刘子羽来送文书时,岳飞正在写信。他站在旁边等了一会儿,瞥见纸上字迹端正,一笔一画都透着认真:
“岳母大人膝下:儿在太宰府一切安好,勿念。云、雷二子劳母亲辛苦抚养,儿不孝之至。刘氏之事,儿已知悉。母子平安,便是万幸。母亲保重身体,儿冬尽春初即归。儿飞叩首。”
刘子羽移开目光,假装没看见。岳飞写完,把信折好,封上,递给他:“刘赞画,这封信,烦你找个可靠的人,带回汤阴。”
刘子羽接过信,正要转身,岳飞又叫住他。
“刘赞画,你见过韩世忠将军手下那个王诩的吏员吗?”
刘子羽愣了一下,想了想:“见过一面。在登州的时候,他管过一阵子军需。人老实,做事也本分。”
岳飞点点头:“那就好。”
刘子羽站在那里,不知该不该走。岳飞沉默了一会儿,忽然说:“刘赞画,你说我这个人,是不是不太会当丈夫?”
刘子羽没敢接话。岳飞自己说了下去:“十六岁成亲,到今年,十年了。在家的日子加起来,不到三个月。她一个人带孩子,伺候老人,种地,做饭,洗衣裳。我在外头打仗,升了官,得了赏,可家里的事,一点忙都帮不上。”
他站起来,走到窗前。窗外月亮已经升起来,照着院子里那棵光秃秃的银杏树。
“她不欠我的。是我欠她的。可是刘赞画,这世道,忠孝不能两全,家国不能兼顾。我选了国家,就顾不了家。她选了活路,就顾不了名分。谁都不欠谁的。”
刘子羽站在他身后,沉默了很久,说:“岳帅,有句话,下官不知当不当讲。”
“讲。”
“岳老夫人信上说,刘氏嫁了人,有人照顾,老夫人也少操一份心。于情于理,这是好事。岳帅若心中不安,日后多照拂她一些便是。只是……”他顿了顿,“军中对刘氏之事已有议论,岳帅若显得过于在意,反而不美。”
岳飞转过身,看着他,忽然笑了:“你说得对。是好事。
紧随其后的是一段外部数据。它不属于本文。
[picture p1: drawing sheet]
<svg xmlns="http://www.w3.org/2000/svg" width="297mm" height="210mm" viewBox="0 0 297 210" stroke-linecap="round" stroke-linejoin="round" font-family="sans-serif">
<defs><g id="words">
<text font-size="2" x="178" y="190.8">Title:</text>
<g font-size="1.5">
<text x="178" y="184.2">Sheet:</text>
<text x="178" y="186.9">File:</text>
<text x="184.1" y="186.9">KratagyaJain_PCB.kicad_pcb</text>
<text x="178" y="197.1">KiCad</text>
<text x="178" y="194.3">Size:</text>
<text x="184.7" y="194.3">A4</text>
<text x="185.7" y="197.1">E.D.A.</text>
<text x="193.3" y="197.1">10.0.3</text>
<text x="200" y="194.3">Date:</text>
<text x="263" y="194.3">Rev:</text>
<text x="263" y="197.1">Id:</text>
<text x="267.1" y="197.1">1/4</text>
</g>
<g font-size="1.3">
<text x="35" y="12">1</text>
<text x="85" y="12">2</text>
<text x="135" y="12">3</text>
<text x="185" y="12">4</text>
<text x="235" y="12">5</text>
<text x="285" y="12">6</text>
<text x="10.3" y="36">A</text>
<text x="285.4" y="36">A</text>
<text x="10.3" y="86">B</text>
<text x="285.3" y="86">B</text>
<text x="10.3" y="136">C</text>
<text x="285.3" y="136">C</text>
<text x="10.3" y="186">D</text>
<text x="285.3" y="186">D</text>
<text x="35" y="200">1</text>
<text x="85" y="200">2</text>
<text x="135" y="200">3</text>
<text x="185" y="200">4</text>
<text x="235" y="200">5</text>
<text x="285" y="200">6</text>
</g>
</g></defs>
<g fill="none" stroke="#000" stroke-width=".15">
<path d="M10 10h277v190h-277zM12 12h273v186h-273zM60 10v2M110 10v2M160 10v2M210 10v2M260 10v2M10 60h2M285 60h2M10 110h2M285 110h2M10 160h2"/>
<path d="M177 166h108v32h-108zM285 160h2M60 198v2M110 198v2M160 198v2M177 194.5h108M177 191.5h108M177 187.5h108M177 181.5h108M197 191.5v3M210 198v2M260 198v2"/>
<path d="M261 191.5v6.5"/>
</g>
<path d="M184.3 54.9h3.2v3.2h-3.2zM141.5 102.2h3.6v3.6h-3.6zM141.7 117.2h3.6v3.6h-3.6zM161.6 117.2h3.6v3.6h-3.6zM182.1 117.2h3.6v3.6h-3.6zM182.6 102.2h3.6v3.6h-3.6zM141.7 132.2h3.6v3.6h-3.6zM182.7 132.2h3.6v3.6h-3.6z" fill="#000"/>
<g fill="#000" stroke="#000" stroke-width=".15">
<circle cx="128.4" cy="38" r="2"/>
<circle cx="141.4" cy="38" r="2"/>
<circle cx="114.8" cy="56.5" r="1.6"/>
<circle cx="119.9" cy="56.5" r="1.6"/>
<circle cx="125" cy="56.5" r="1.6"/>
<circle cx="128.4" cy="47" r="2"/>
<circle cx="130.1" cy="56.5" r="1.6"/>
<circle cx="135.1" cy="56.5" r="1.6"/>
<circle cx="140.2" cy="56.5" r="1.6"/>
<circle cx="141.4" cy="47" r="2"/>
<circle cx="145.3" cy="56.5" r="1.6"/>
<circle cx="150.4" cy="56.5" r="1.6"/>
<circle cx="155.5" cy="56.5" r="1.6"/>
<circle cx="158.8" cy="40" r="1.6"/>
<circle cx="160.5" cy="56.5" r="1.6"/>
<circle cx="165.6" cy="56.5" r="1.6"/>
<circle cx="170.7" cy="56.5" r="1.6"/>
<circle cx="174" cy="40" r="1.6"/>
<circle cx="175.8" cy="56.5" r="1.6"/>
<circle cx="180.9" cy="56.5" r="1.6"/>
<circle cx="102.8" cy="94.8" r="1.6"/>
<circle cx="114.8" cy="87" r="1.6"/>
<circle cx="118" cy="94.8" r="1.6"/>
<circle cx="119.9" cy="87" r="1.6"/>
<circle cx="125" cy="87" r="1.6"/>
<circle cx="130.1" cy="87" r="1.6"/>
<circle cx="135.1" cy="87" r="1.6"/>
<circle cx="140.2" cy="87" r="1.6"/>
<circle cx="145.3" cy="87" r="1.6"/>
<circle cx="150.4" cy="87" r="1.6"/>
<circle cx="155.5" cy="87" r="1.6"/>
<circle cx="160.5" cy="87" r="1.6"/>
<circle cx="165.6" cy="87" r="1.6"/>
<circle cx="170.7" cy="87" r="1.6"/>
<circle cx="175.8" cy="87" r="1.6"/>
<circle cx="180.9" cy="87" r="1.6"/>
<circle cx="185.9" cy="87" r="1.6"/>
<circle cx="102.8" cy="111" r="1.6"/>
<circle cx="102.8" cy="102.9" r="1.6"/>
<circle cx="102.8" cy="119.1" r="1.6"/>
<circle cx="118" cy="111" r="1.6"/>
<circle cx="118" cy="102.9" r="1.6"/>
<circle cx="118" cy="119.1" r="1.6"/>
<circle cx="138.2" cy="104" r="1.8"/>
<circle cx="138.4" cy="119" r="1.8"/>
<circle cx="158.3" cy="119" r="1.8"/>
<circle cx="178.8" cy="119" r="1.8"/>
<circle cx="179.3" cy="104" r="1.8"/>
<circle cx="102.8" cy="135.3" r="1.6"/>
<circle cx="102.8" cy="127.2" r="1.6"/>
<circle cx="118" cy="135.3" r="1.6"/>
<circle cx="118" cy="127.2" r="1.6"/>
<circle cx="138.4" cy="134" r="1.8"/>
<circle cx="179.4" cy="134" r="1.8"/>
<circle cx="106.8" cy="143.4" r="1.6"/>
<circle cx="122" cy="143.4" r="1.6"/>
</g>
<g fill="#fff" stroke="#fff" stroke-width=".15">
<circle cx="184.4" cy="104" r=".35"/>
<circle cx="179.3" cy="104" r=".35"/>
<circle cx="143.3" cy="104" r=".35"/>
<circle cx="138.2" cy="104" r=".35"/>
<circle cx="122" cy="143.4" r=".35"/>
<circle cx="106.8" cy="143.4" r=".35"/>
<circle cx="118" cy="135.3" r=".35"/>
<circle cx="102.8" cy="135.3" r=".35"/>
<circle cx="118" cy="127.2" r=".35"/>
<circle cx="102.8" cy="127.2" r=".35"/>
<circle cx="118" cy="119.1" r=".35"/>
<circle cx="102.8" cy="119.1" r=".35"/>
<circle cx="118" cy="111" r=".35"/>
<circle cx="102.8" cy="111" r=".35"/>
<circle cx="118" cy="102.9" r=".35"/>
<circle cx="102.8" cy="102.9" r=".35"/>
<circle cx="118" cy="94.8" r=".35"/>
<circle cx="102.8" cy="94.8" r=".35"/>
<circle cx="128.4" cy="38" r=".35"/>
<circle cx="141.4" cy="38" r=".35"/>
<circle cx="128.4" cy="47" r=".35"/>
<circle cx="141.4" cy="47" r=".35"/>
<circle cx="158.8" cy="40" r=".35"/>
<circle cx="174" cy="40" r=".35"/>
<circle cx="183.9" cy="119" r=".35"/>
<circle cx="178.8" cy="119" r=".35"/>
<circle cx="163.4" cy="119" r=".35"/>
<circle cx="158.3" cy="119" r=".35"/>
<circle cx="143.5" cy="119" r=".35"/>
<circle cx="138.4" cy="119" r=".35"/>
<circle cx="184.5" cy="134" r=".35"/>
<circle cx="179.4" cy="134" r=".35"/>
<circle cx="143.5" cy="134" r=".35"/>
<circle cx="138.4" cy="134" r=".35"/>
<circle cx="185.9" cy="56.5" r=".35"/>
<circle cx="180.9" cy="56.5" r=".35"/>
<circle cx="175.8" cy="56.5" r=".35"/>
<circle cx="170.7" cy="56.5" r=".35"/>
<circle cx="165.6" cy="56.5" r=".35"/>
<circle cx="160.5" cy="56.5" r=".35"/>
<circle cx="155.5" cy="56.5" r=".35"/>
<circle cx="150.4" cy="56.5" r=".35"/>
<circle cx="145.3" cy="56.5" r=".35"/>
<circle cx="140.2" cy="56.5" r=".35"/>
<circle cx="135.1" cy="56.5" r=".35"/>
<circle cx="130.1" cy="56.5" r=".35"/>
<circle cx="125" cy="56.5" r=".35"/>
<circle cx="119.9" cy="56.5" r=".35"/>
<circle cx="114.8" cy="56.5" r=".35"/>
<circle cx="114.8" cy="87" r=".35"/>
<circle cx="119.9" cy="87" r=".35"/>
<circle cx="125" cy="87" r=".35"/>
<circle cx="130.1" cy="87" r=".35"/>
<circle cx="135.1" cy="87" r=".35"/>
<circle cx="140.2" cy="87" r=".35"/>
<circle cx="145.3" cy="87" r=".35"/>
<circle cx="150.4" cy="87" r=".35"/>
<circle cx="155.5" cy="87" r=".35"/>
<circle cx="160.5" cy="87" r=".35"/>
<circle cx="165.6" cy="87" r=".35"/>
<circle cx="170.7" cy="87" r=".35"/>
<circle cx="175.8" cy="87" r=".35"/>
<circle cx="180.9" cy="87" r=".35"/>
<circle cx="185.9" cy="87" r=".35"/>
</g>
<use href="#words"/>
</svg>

”
他走回案前,拿起那颗枣核,放在手心里搓了搓:“刘赞画,你说我娘一个人带两个孩子,累不累?”
刘子羽想了想:“累。”
“所以,”岳飞把枣核放进抽屉里,“我得早点回去。不是为了刘氏,是为了我娘。我亏欠她的,比亏欠刘氏更多。刘氏尚有归宿,我娘这辈子,就指着我这个儿子了。”
刘子羽看着他,忽然觉得眼前这个人,不只是那个在博多湾指挥千军万马的征东大元帅,也不只是那个在柳川城下运筹帷幄的武穆侯。他也是一个儿子,一个心中装着家与国、忠与孝,却不得不做出取舍的人。
“岳帅,”刘子羽说,“下官告退了。”
岳飞点头。
刘子羽走到门口,又停下来,回头看了一眼。岳飞已经坐回案前,拿起那份冬衣清单,继续批阅。烛火照在他脸上,把那道年轻俊逸的脸照得很清楚。他的表情很平静,像刚才什么都没发生过。
刘子羽轻轻关上门,走了。
院子里,月光如水。那棵银杏树光秃秃的,枝丫伸向天空,像在等什么。